Introduce two industrial ethernet switches used in ICS deployments. The GE Multilink ML800 and the Siemens Scalance X200. I will bring these switches to the venue and wire them up. I can bring a few other ICS switches if desired, but I have vulns for these two so far.
Hand out a pcap file of the Multilink ML800 firmware upload. This comprises a mix of HTTPS and FTP traffic. We use TCPtrace to pull out the firmware from the FTP session, and then begin some light firmware analysis. This will involve using strings to learn part of the firmware is compressed inflate. We do some file carving with DD to pull the compressed blob out, and then we extract it by concatenating the GZIP magic bytes on the front. Once we have the firmware we extract some hardcoded RSA Private Keys. One of those keys can be used to decrypt the HTTPS session and recover the switch password and username in the very same pcap file. We discuss key management in ICS devices, and any other vulns from here to now. This key has been reported to GE Energy, but no fix is available yet (exclusive vuln for 44Con). This affects not only this switch but 7/9 in the switch family, and since it is made by Garretcom, it impacts their switches too.
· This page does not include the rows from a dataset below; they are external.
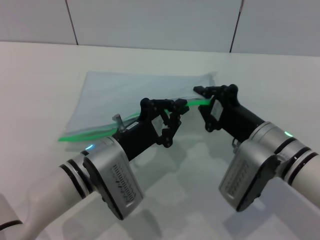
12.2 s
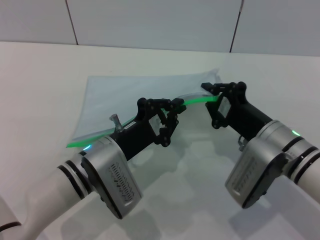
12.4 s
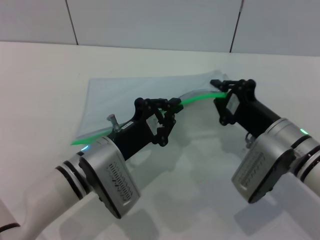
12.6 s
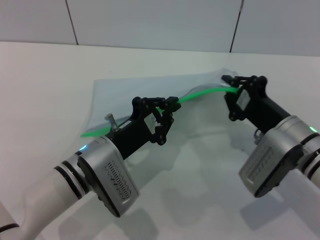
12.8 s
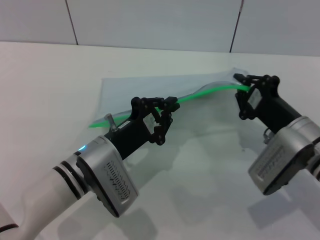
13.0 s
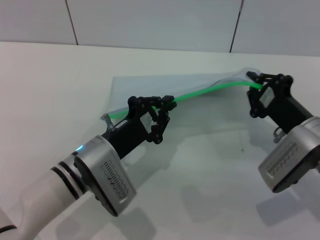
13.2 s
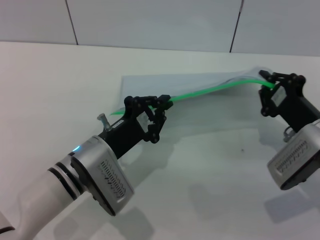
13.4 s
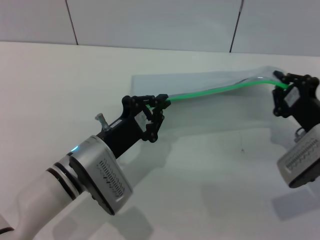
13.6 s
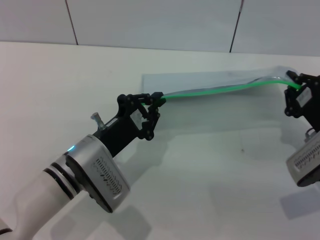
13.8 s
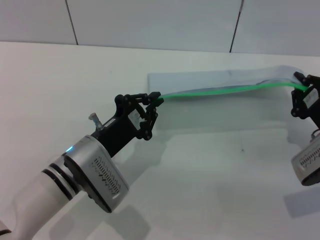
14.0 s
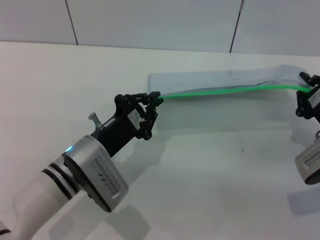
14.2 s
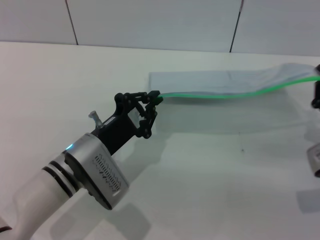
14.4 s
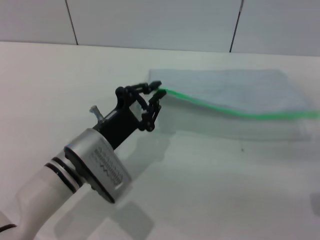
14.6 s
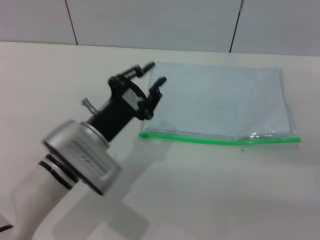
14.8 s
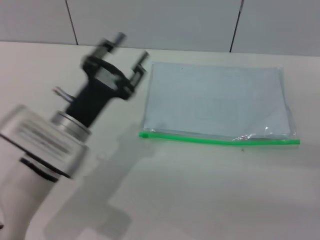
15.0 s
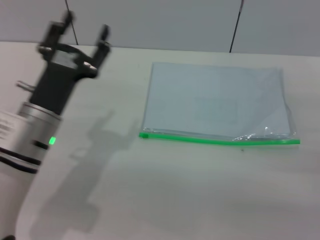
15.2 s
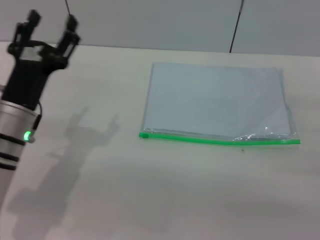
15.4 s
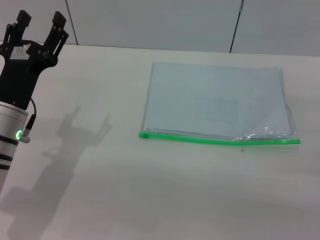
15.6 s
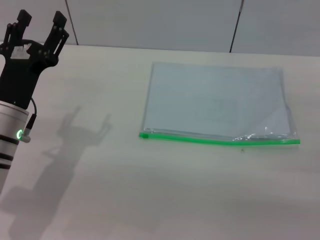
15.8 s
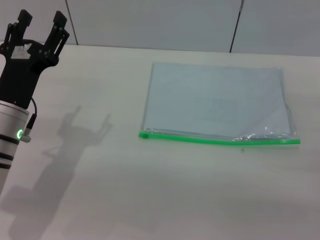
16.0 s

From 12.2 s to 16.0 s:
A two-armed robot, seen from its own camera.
Step, from 12.2 s to 14.4 s: Pulling up the zipper on the transparent plastic bag with the left gripper to close it.
Step, from 14.6 s to 14.8 s: Place the transparent plastic bag.
From 12.2 s to 13.4 s: The right gripper heads to the right, covering roughly 10 cm.
From 13.4 s to 14.8 s: The right gripper is displaced to the right by some 10 cm.
From 14.8 s to 16.0 s: The left gripper shifts roughly 10 cm to the left, and opens up. Meanwhile the right gripper opens up.
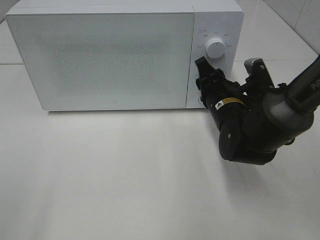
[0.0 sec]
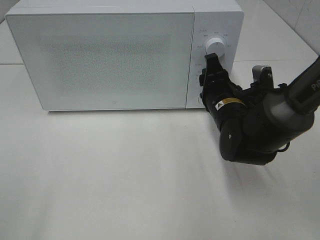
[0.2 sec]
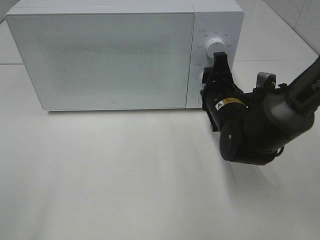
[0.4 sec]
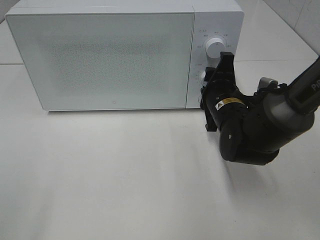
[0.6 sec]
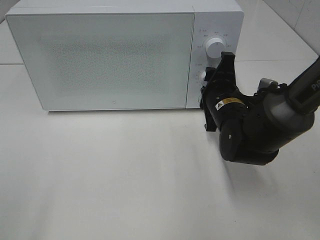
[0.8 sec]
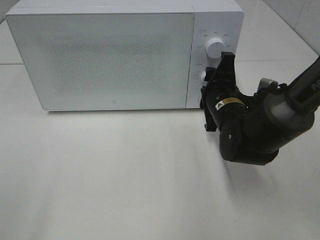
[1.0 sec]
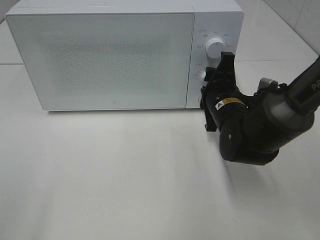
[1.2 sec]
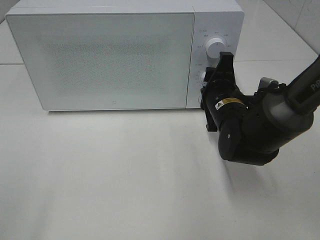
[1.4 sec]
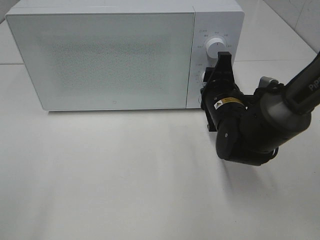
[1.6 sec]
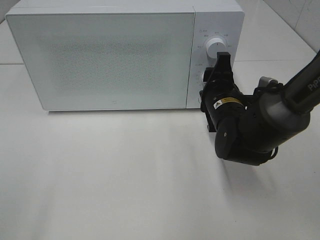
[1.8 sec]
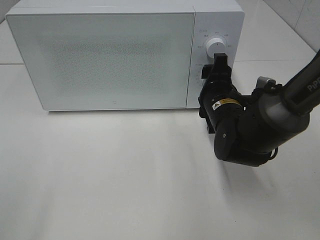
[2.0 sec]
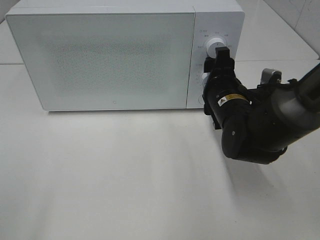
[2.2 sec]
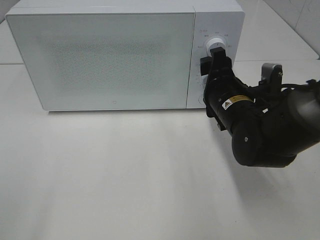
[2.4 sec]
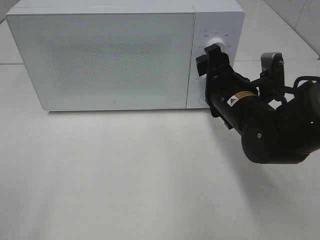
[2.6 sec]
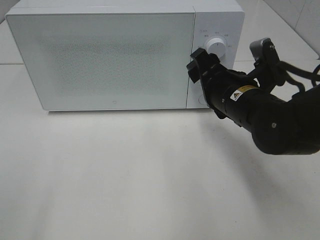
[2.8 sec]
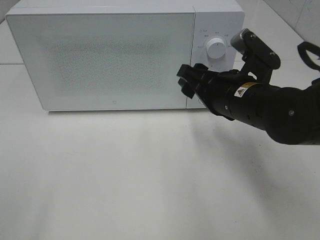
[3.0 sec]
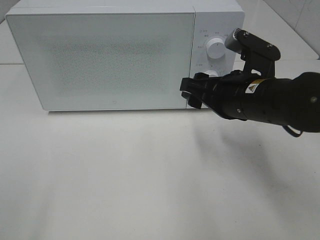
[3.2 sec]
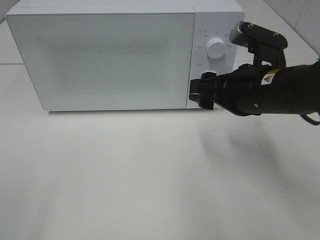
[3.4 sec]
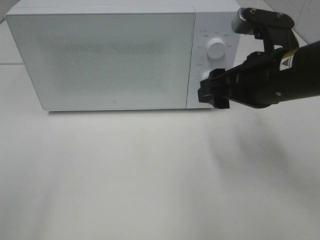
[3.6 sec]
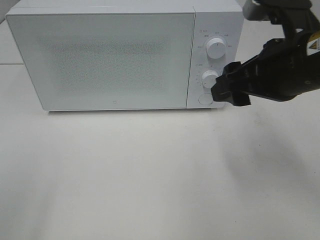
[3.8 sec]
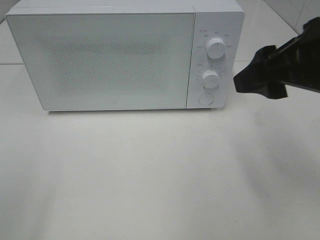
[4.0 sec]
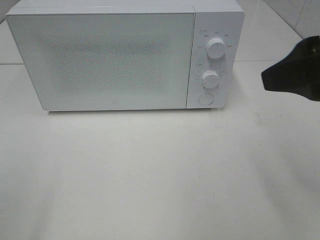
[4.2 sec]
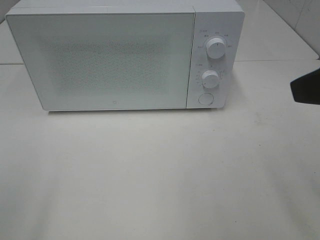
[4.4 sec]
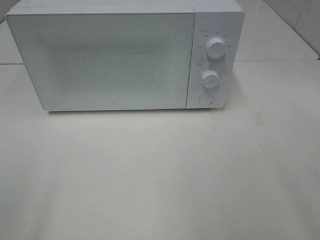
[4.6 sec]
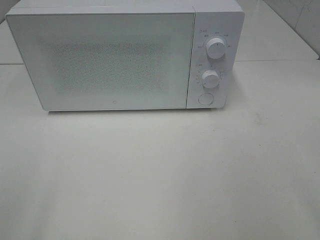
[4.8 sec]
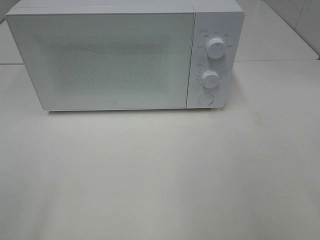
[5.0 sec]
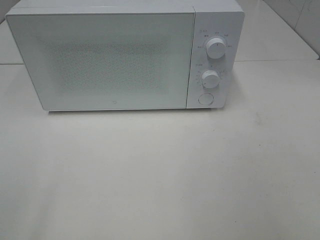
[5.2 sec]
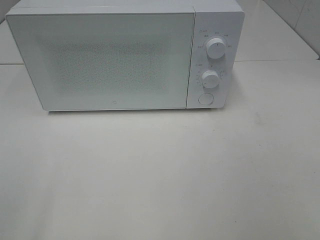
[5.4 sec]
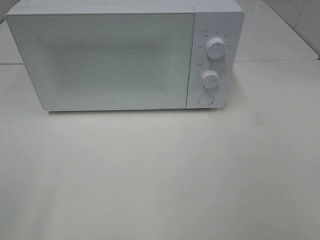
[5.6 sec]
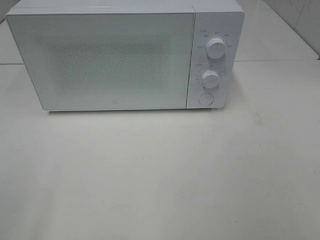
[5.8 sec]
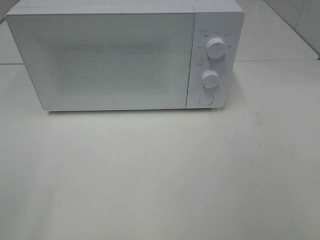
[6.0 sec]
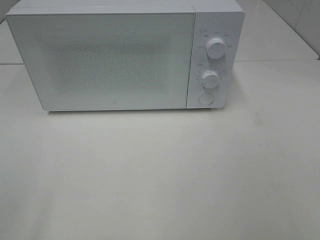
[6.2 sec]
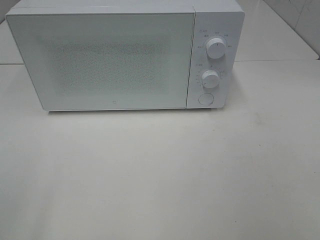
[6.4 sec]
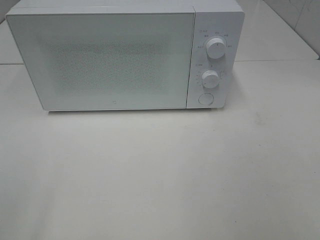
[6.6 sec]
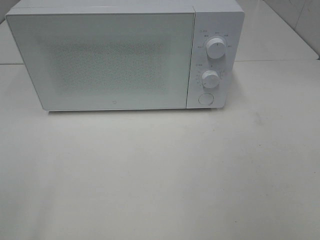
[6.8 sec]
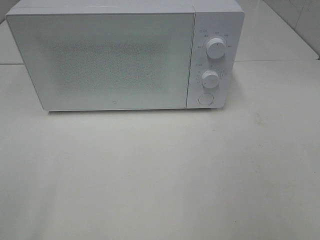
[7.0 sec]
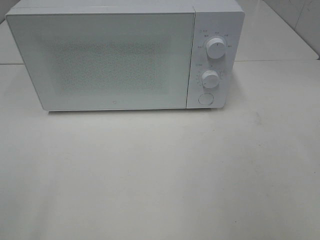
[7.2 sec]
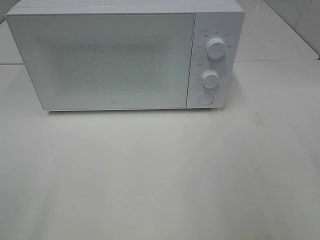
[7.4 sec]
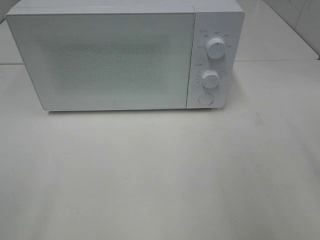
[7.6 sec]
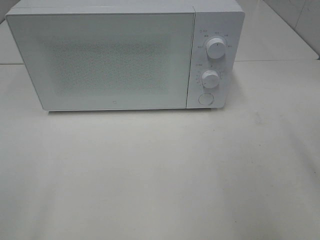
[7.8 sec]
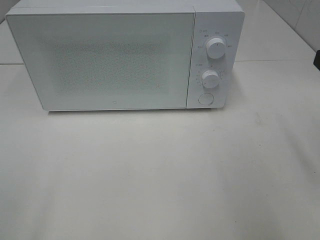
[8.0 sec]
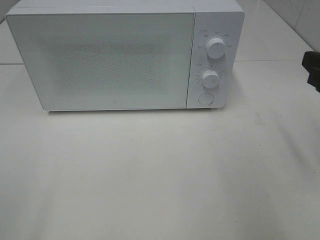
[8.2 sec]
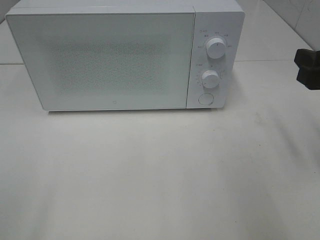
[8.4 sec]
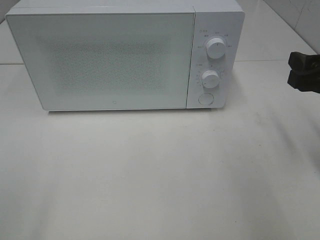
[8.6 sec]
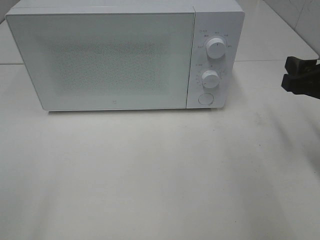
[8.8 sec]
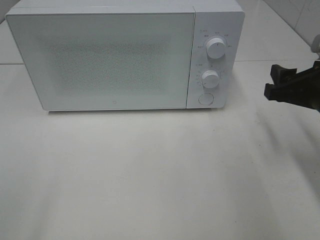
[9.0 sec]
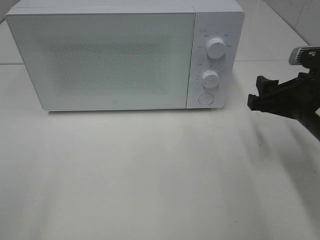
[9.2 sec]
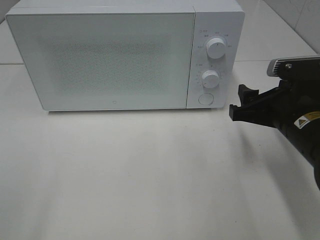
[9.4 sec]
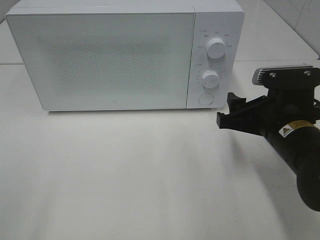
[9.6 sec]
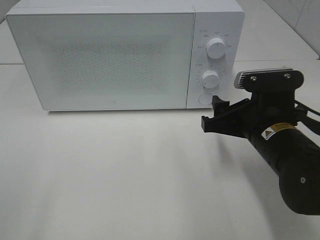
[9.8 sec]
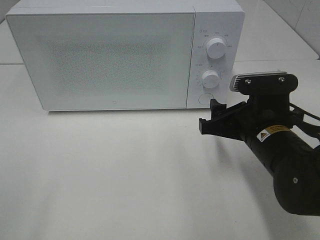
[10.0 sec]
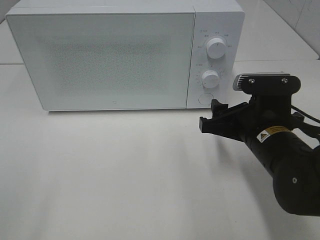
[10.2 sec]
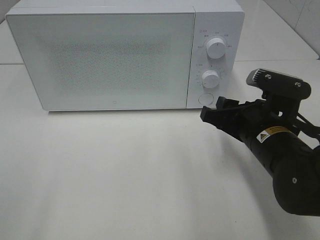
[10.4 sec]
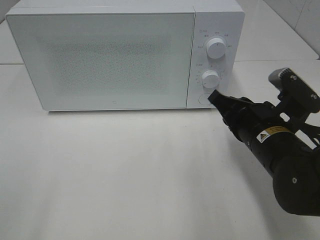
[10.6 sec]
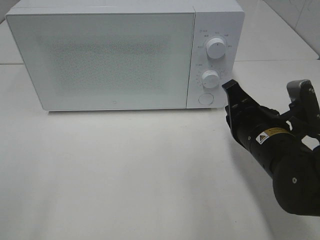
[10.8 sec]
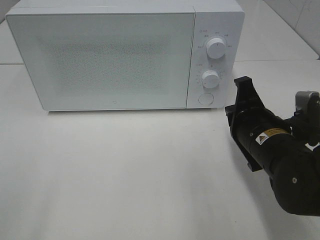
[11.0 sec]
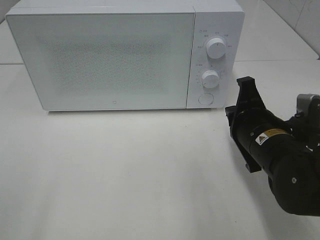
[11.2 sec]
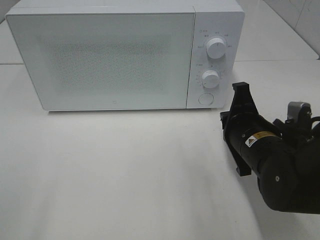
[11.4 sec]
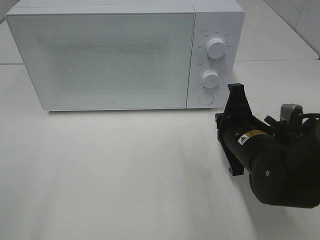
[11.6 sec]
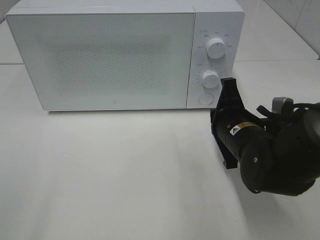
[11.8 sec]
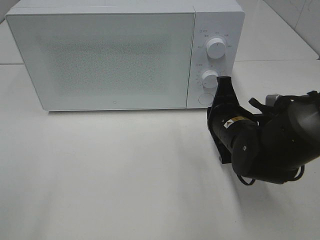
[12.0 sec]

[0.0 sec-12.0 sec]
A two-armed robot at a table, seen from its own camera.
Task of the whole recording: Heat the burger.
1.6 sec to 3.0 sec: The right gripper shifts roughly 10 cm upward and backward.
3.0 sec to 4.4 sec: The right gripper is displaced upward, backward and to the right by roughly 25 cm.
4.4 sec to 6.0 sec: The right gripper shifts roughly 15 cm backward and to the right.
7.6 sec to 9.0 sec: The right gripper is displaced downward and forward by approximately 15 cm.
9.0 sec to 10.4 sec: The right gripper heads to the left, covering about 10 cm.
10.4 sec to 12.0 sec: The right gripper ends up roughly 5 cm from where it was, and closes its fingers.

There is a second RSA Private key with a password I have currently been brute-forcing. I expect to have more to say about that by the workshop date. (Exclusive vuln for 44Con)
We present 3 older vulnerabilities in the Siemens Scalance X200 family. Session hijack, bruteforcing of MD5+Nonce, and last but not least: Auth bypass for firmware, configuration, and logfile, upload/download. These vulns are hilariously bad, but show the audience the art of session ID analysis, cracking, and light firmware analysis in embedded/ICS devices. Lastly, while these vulns are old, they will be present in the wild for another 2-5 years because of ICS lifecycles. We finish with a brand new vulnerability on the Siemens newest firmware. A hardcoded private key once again (exclusive vuln for 44con).
We finish with a discussion of key management in industrial ethernet switches, and how MITM is effective in ICS because of poor protocol security. We also explain how MITM is sometimes hindered by the real time constraints of an ICS system.